• **Exercise data**
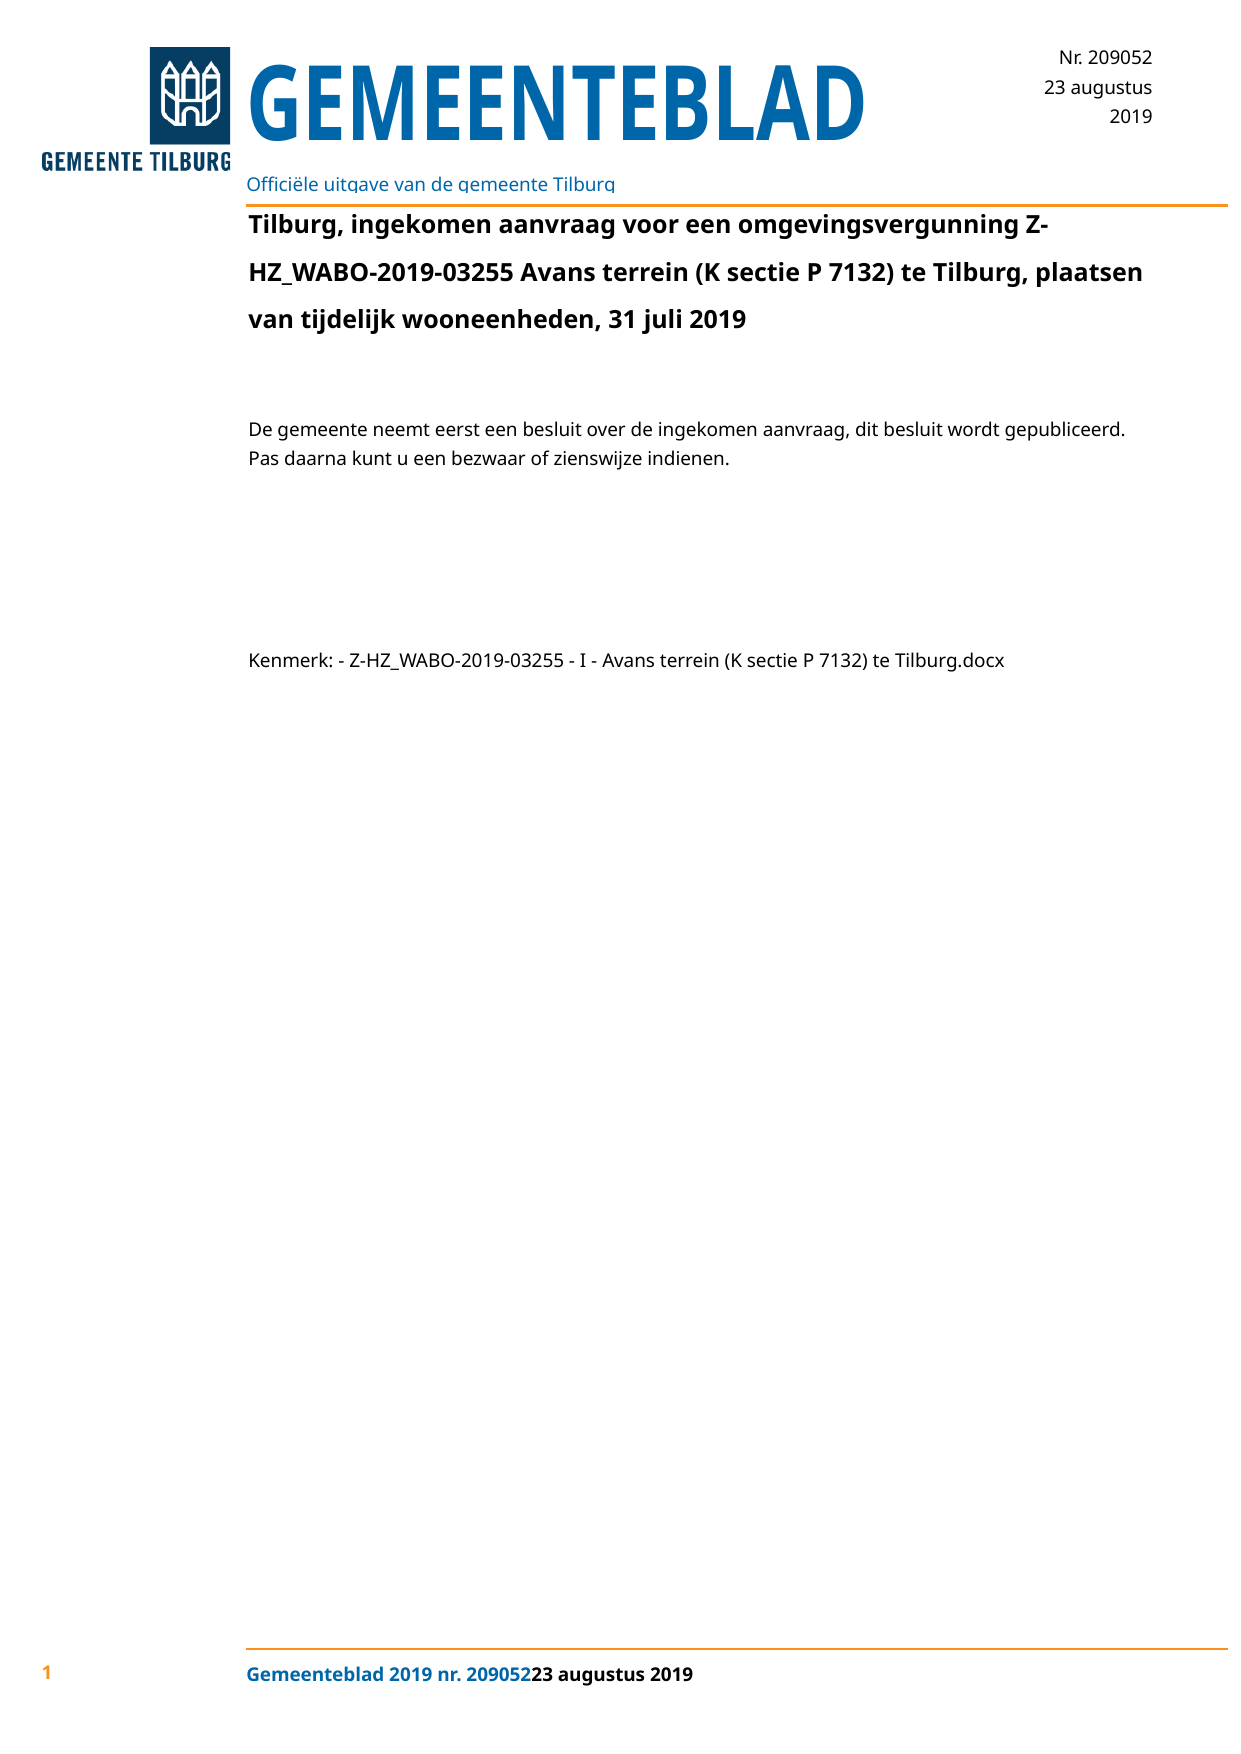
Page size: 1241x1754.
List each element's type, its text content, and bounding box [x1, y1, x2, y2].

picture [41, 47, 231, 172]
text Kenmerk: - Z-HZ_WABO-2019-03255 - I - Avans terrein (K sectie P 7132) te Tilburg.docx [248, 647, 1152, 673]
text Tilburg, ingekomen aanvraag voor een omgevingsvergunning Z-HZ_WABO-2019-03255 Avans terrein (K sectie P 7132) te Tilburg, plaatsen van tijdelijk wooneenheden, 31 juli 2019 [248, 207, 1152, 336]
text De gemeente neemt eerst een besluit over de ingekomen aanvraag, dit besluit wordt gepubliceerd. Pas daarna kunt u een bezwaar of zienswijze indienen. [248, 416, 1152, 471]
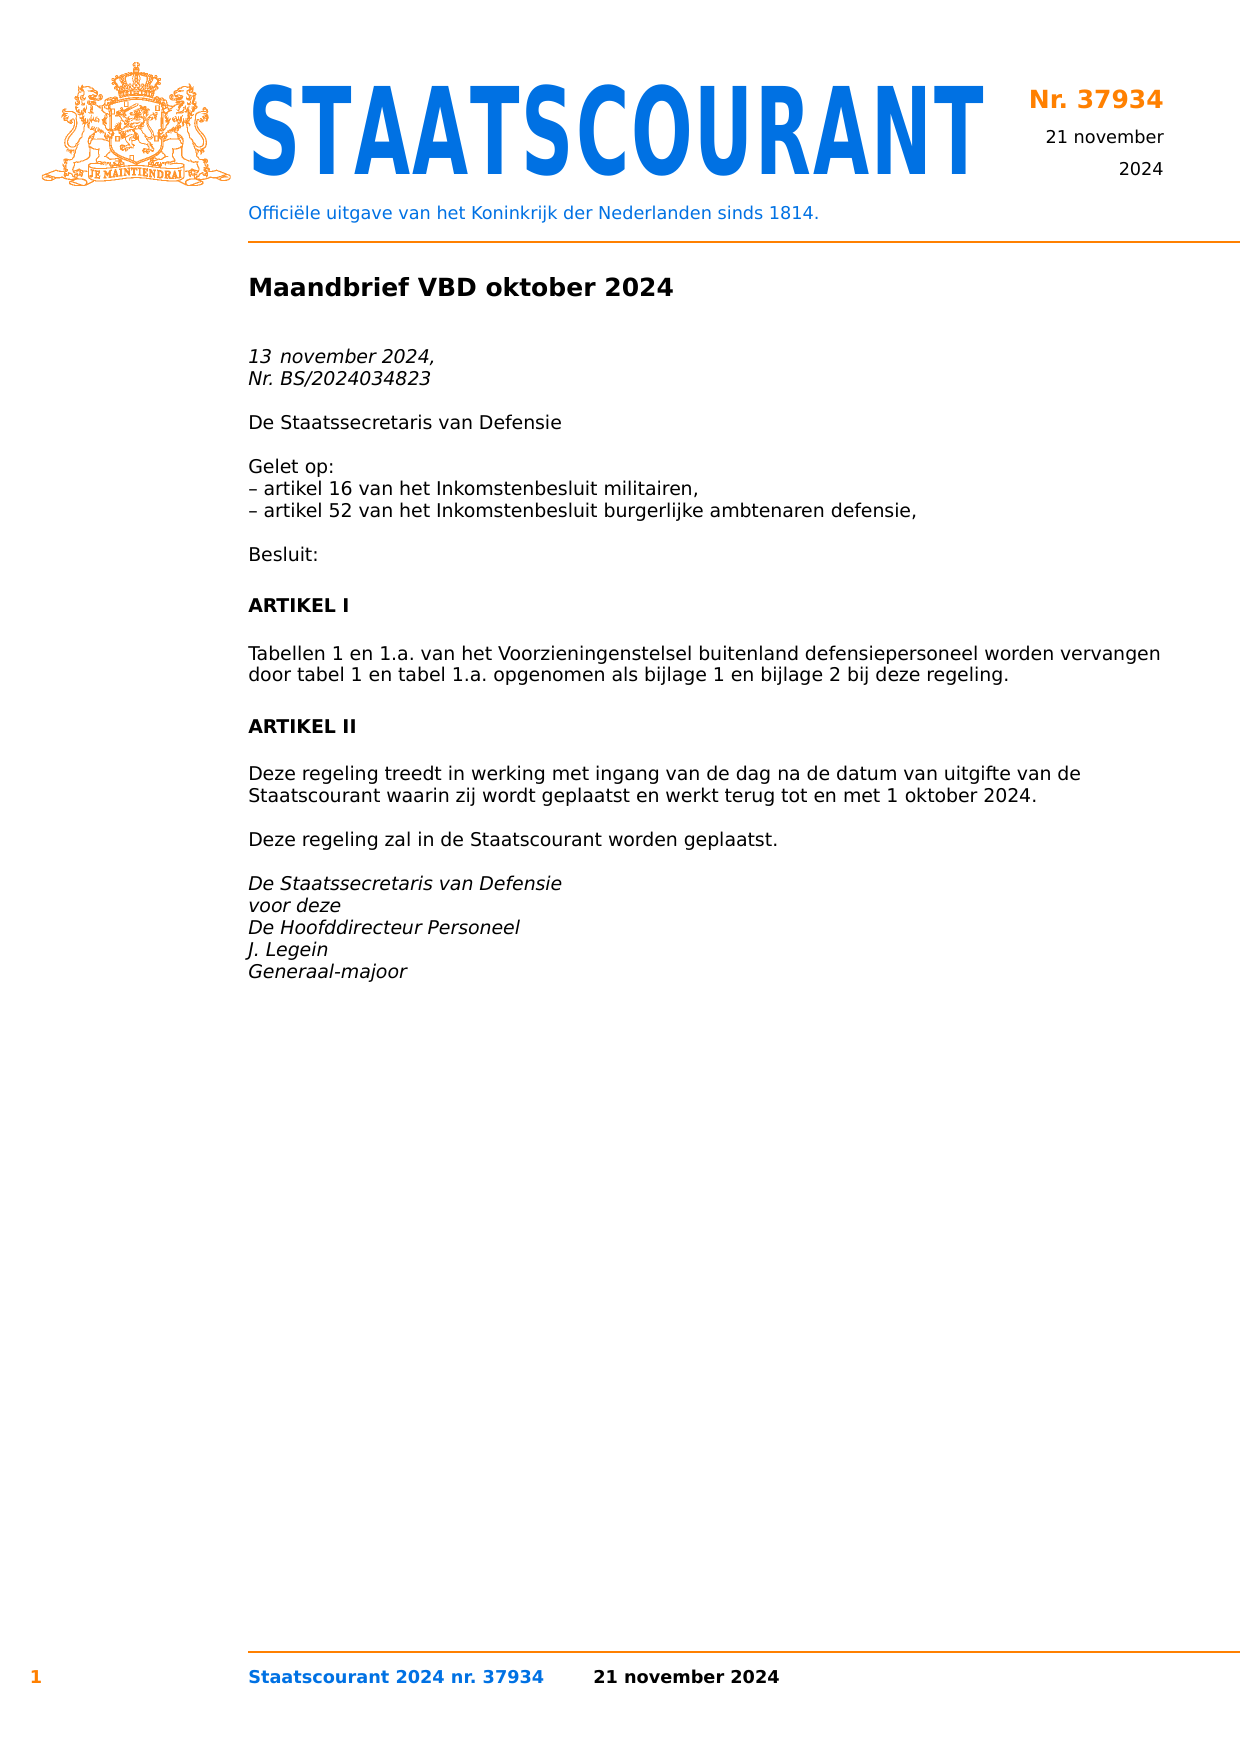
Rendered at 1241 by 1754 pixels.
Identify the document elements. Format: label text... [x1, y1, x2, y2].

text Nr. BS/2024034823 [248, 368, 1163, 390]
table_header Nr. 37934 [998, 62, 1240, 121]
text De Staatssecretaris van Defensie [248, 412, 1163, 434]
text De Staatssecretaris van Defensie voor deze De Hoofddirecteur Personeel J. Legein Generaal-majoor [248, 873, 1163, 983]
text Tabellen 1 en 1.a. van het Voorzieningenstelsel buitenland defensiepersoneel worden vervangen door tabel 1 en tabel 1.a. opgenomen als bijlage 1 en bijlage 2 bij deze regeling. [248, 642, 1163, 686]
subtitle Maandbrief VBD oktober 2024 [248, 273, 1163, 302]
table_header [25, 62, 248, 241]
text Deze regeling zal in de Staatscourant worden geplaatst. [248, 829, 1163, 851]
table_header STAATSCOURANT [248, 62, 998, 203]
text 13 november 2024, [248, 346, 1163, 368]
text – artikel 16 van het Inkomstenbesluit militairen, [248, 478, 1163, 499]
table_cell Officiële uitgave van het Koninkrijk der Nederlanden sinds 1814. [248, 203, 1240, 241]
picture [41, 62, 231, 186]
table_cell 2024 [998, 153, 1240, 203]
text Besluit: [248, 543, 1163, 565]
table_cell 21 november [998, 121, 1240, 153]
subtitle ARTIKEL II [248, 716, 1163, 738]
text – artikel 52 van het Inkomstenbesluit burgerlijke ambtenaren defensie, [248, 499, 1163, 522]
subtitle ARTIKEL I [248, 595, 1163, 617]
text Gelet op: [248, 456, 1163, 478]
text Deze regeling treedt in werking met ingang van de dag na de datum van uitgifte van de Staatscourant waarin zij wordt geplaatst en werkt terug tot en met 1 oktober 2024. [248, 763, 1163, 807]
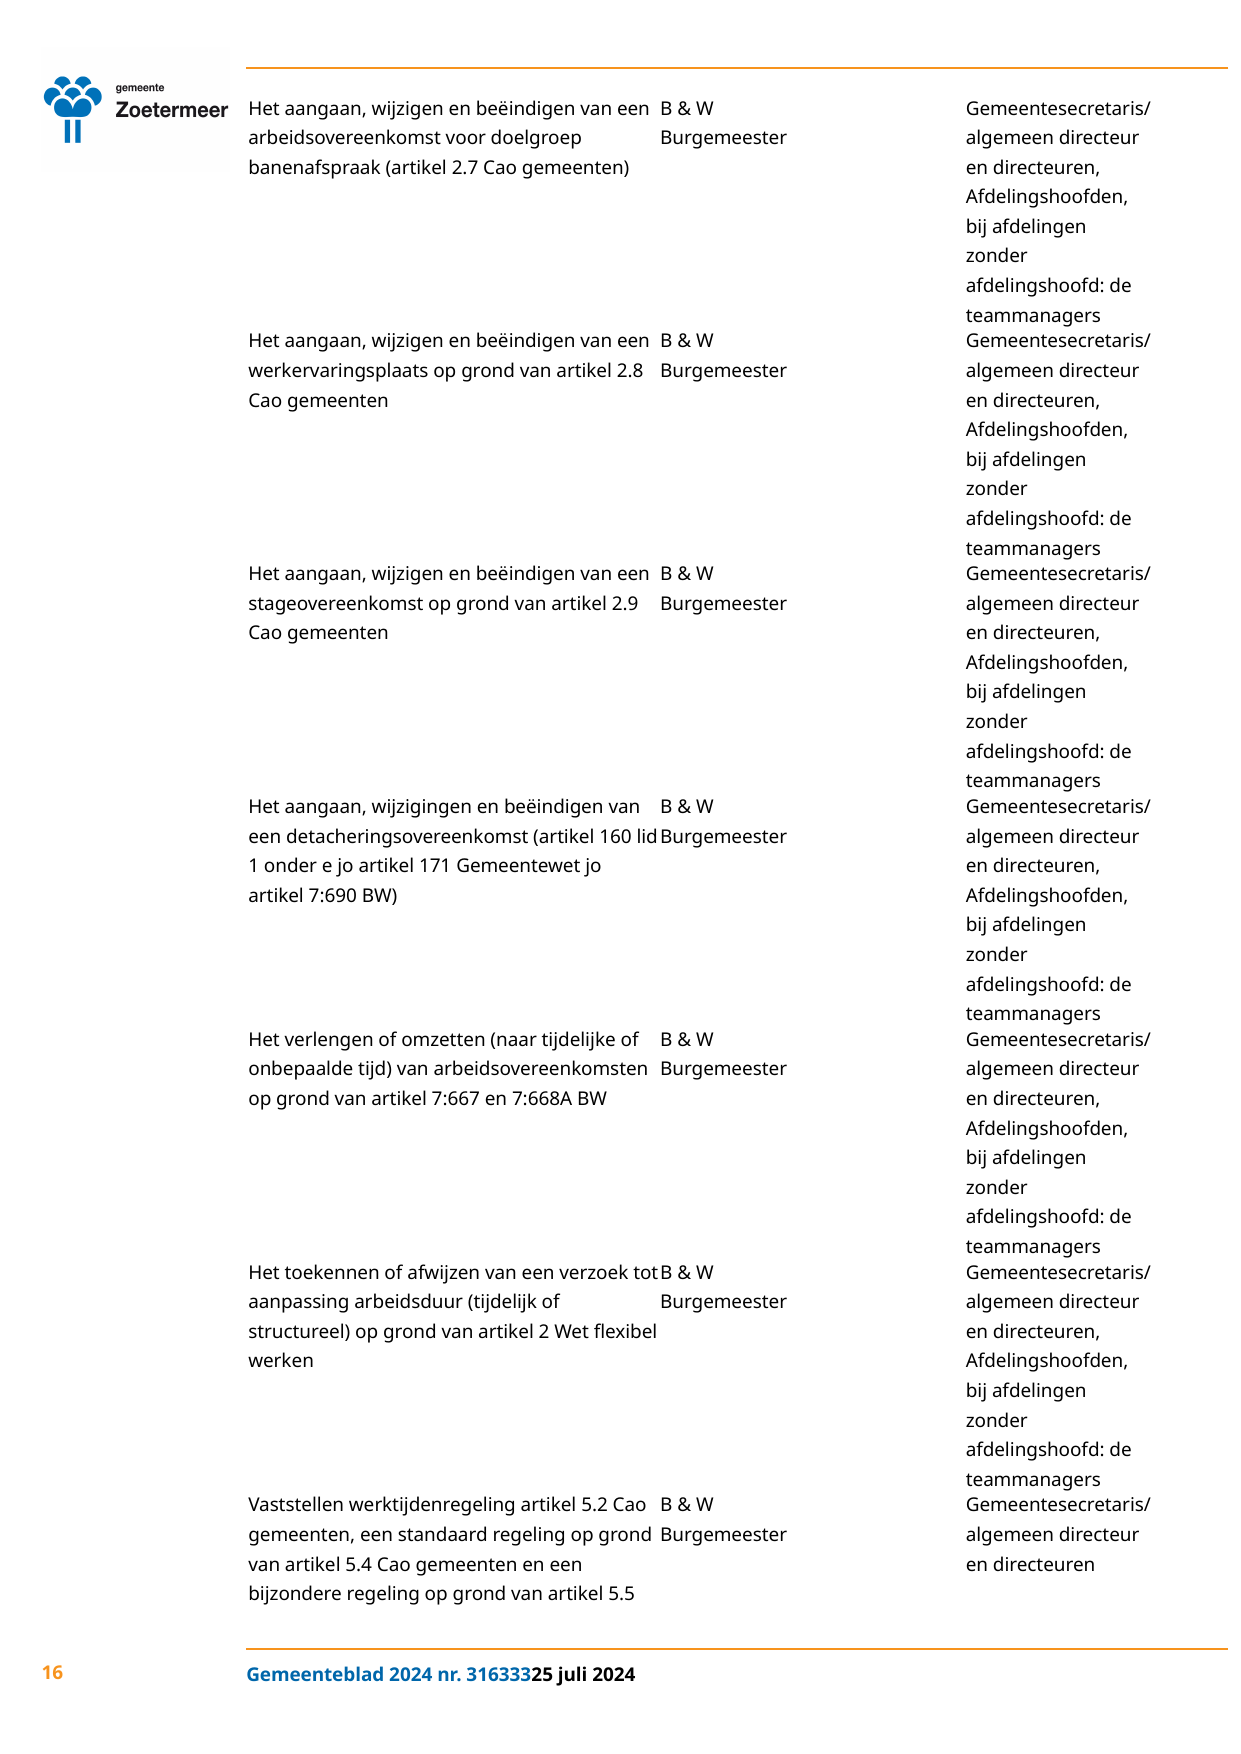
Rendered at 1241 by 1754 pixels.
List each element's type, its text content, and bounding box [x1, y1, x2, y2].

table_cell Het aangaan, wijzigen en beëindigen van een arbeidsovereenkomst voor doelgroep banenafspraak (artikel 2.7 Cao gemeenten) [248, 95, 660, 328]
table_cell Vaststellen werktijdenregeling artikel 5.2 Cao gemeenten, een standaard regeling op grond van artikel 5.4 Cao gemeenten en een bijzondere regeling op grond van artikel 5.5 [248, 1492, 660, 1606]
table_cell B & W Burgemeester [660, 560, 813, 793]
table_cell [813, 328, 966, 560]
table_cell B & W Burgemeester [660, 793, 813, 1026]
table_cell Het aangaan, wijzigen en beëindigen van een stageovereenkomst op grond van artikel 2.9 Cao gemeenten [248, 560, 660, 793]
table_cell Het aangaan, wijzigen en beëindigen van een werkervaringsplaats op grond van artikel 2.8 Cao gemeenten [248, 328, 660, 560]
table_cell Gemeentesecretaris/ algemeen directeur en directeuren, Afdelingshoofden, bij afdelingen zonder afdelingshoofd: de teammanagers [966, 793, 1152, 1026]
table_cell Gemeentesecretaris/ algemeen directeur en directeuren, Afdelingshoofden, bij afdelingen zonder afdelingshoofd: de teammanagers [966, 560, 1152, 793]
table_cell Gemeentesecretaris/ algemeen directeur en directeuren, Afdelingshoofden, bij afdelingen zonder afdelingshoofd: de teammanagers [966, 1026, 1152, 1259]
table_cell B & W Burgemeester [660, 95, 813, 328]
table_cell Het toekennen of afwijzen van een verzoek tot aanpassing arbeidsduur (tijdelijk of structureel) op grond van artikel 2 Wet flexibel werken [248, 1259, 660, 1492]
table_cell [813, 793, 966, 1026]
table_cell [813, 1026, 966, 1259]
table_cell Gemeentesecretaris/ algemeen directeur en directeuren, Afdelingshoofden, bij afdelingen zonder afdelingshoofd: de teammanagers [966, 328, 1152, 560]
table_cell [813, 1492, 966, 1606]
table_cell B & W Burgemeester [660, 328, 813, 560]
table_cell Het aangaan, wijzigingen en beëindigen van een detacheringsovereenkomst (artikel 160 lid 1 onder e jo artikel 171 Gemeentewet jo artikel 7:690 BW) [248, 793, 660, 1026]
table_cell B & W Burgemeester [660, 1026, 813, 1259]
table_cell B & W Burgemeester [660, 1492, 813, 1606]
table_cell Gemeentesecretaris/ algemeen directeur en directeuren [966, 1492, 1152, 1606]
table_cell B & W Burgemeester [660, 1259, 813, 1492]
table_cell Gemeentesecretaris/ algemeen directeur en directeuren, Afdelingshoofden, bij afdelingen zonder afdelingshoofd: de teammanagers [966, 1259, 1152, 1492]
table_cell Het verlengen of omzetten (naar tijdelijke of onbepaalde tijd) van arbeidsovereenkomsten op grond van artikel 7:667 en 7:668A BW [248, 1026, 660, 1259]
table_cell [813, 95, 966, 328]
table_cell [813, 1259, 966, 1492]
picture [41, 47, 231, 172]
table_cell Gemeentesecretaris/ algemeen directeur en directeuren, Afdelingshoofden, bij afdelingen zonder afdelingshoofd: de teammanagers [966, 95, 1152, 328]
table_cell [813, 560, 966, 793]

• **Exercise objective**
For each line above that contains the word "Tilburg", give the line as it is written.

• **Response to this task**
text Kenmerk: - Z-HZ_WABO-2019-03255 - I - Avans terrein (K sectie P 7132) te Tilburg.docx [248, 647, 1152, 673]
text Tilburg, ingekomen aanvraag voor een omgevingsvergunning Z-HZ_WABO-2019-03255 Avans terrein (K sectie P 7132) te Tilburg, plaatsen van tijdelijk wooneenheden, 31 juli 2019 [248, 207, 1152, 336]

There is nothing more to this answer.